Pues un joven llamado Terboven, bajo las órdenes directas de Hitler, había estado atemorizando y matando al pueblo noruego durante cinco años. Pero gracias a Dios, los demás aguantamos. ¿A usted le parece el alemán un pueblo culto?

No contesté.

Repitió la pregunta.

Lo miré y no contesté.

Si yo fuera el comisario, le permitiría leer todos los periódicos. Su juicio se aplaza hasta el 22 de septiembre.

*

Es decir, tres meses.

Leo, holgazaneo y hago solitarios.

Con el fin de ejercitar las piernas en mi estrecho campo medido, subo la colina haciendo un gran esfuerzo. Es muy empinada y por algunas partes tengo que agarrarme a un palo puntiagudo para no volver a resbalar hasta abajo. Y eso no es todo: también me siento tan vergonzosamente mareado que me entran ganas de vomitar, y tengo que tragar a la fuerza. He empezado demasiado tarde a escalar. Repito la excursión día tras día y voy progresando en la materia, pero me tiembla todo el cuerpo cuando llego arriba.
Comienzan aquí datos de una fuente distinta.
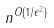<formula> <loc_0><loc_0><loc_500><loc_500>n ^ { O ( 1 / \epsilon ^ { 2 } ) }</formula>

En lo alto de la colina hay una llanura. Me siento allí y veo un par de faros, la boca del puerto de Grimstad y unos veinte o treinta kilómetros hacia Skagerak. Al principio tengo que estarme quieto y no me atrevo a levantarme y hacerme el fuerte, pero mi cerebro se pasea y trabaja. Miro el reloj —pero bueno, no he tardado más que unos miserables minutos en la subida, y aquí estoy, sentado en la cima, disfrutando de mí mismo como si hubiera hecho realmente algo. Para que sea una excursión tengo que pensar en conseguir bajar por el otro lado de la ladera y volver a escondidas al hospital.

Lo consigo, bajo muy bien. Pero me encuentro un camino, no me atrevo a cogerlo y tal vez toparme con alguien. Y cuando miro el reloj aún no hay rastro de excursión, simplemente tengo que dar la vuelta y cruzar la ladera una vez más.

También eso me resultó fácil, aunque, tonto de mí, me caí y me apoyé en el brazo. Conseguí volver al hospital sentándome sobre una ramas llenas de hojas y dejándome deslizar.

He de decir que todo esto no estuvo tan mal planeado ni realizado por mi parte. No hice ningún cambio después en esas excursiones. Lo único que podía temer era que un policía fuera a buscarme al hospital durante mi ausencia.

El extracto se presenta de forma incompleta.